In any other situation, SLPs might observe the inside of the patient’s throat using an endoscope to find where the breakdown in swallowing is occurring. But it’s not so simple now.

“One of the challenges we have encountered during this pandemic is that these tests cannot be used for these patients if they still have an active COVID-19 infection,” Winer said, explaining that more risks are associated with moving the patient out of isolation to perform the test, and that the test risks “aerosolization of the virus.”

“So we have had to get around that and really rely on our clinical skills.”

SLPs may work with otolaryngologists — also known as ear, nose and throat doctors (ENT) — if a speech issue is related to “persistent vocal cord paralysis,” but speech therapy itself depends on the patient’s recovery progress.

It can be a long process for patients to recover their faculties completely. Some patients who are assessed in acute care will go on to be referred to a clinic focused on rehabilitation, where they will receive ongoing speech therapy, or will receive that therapy as an outpatient. In the hospital where Winer works, there is a rehab clinic onsite that patients can attend.

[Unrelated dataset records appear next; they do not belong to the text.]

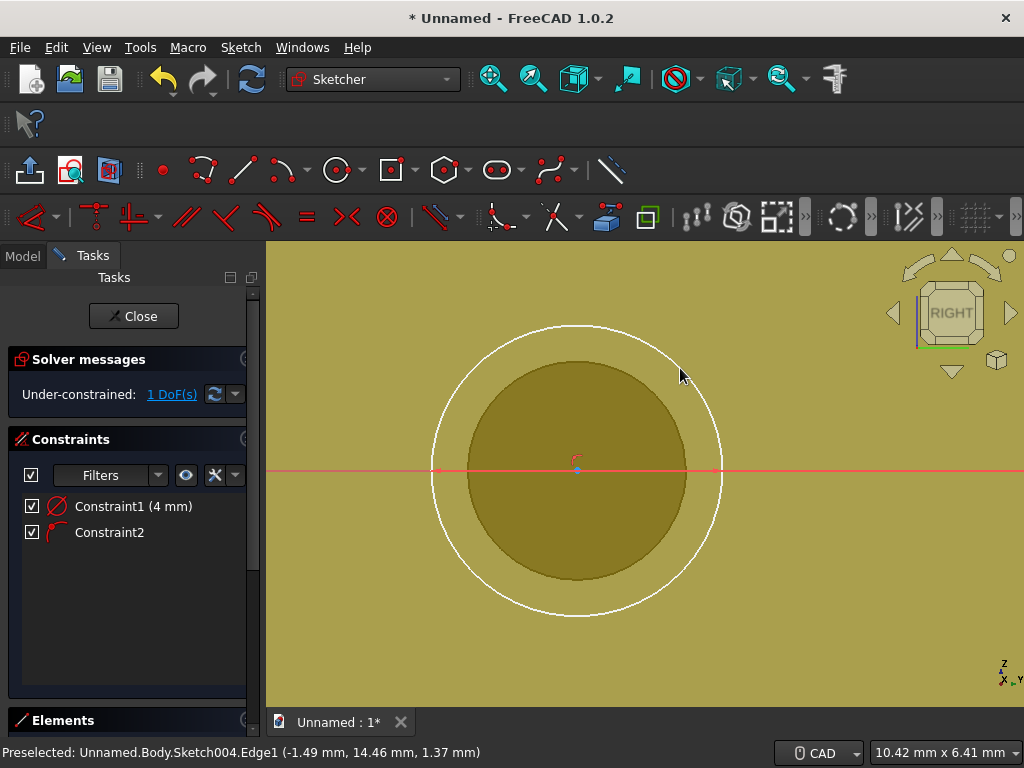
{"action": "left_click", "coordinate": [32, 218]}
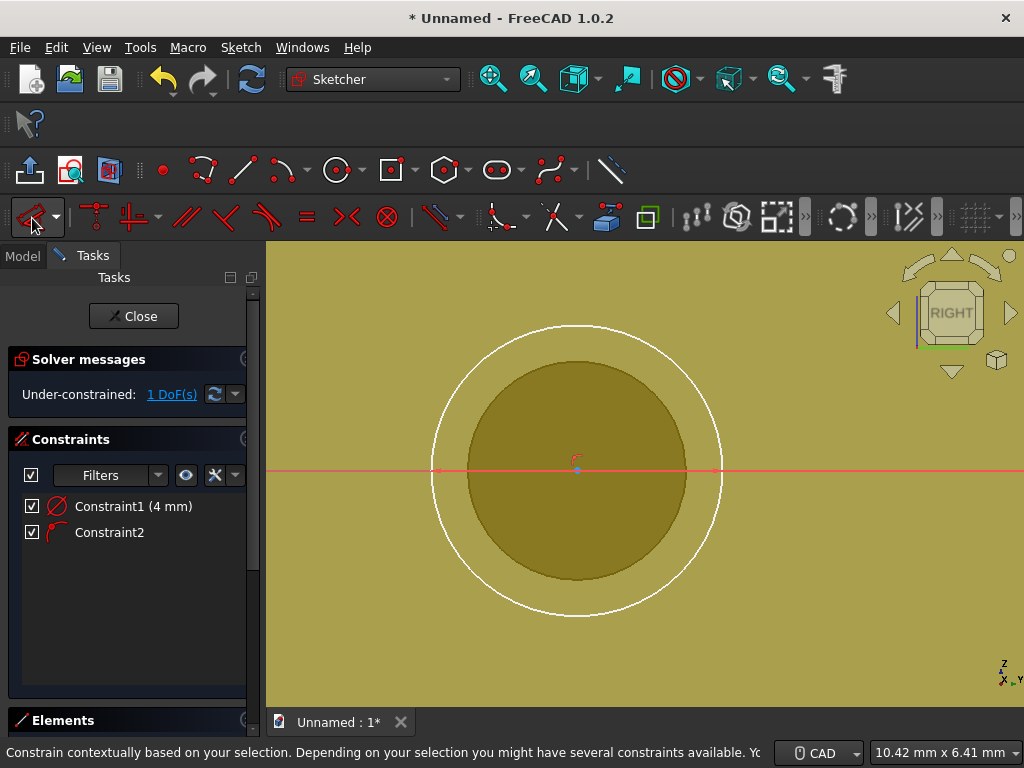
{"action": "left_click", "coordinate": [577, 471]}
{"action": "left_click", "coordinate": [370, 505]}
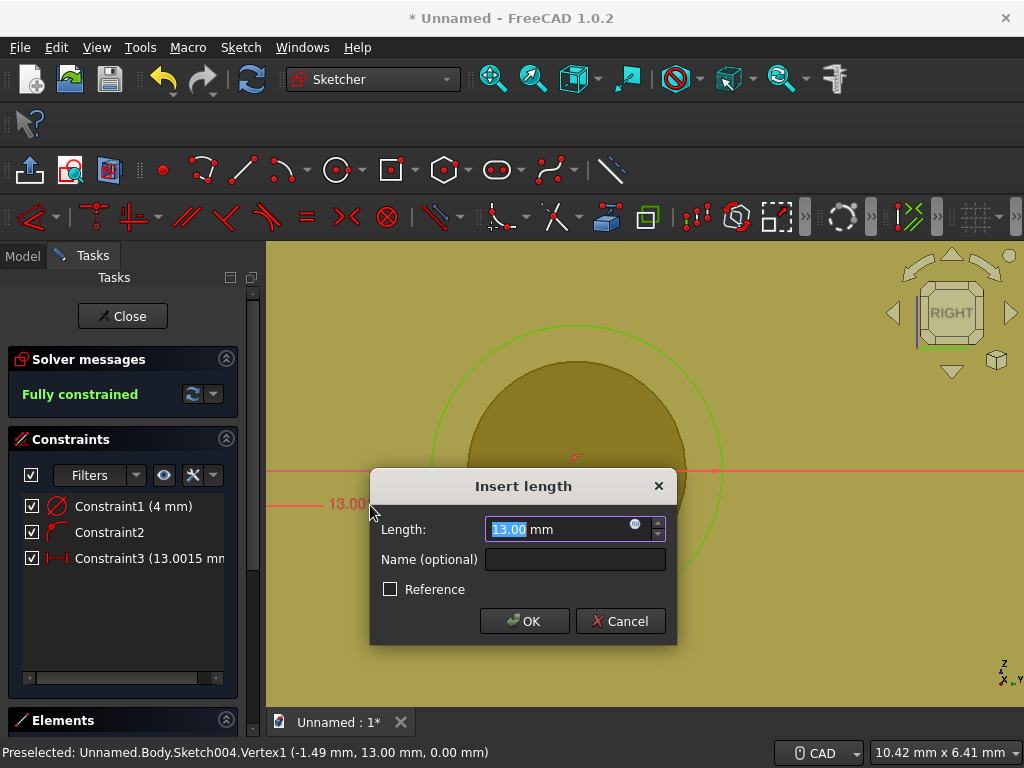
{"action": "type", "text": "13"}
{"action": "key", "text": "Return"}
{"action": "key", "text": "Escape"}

Winer said she believes the work load for SLPs in Canada has gone up as a result of the pandemic, but although a few studies have looked into dysphagia during the pandemic, there still isn’t a lot of data on it yet.

One U.K. study that came out last November looked at around 730 COVID-19 patients, and identified that out of the 208 patients who were referred for swallow assessment, 102 of them had been admitted to the ICU for mechanical ventilation support.

A study performed in Belgium that was published last month and only looked at 21 patients who had been on ventilators found that 90 per cent of them “presented impairment in their swallowing function.”

Skoretz is currently carrying out research in this field at UBC, focusing on “understanding the multiple systems involved in swallowing following the use of breathing tubes and ventilators after critical illness, including those with COVID-19.”

She is aiming to shed more light on how best to rehabilitate patients, and said her team will be sharing their findings in the coming months.

“Relative to other illnesses, we are in the early days of understanding the effect of COVID-19 on the upper aerodigestive tract,” she said.

Relearning to speak or struggling with swallowing is part of the recovery process from COVID-19 that isn’t often talked about, but it affects many patients, according to SLPs.

“I think it’s surprising we don't hear more about post-extubation dysphagia given the prevalence,” Winer said.

"I think most people think SLPs [only] treat kids with speech and language disorders so this isn't an area of practice that has great visibility.”

She said that most people aren’t aware of this type of medical care — both swallowing and communication disorders in adults — until they or someone in their life needs this care.

But although their work during this pandemic has gone unseen by the general public, it’s still something Winer and other SLPs are proud of.

“Being able to help patients take their first sips of water, after potentially weeks of nothing to eat or drink by mouth, usually makes you a pretty welcome part of the care team,” Winer said.

“And [it is] pretty special to be able to contribute to an individual's care in that way.”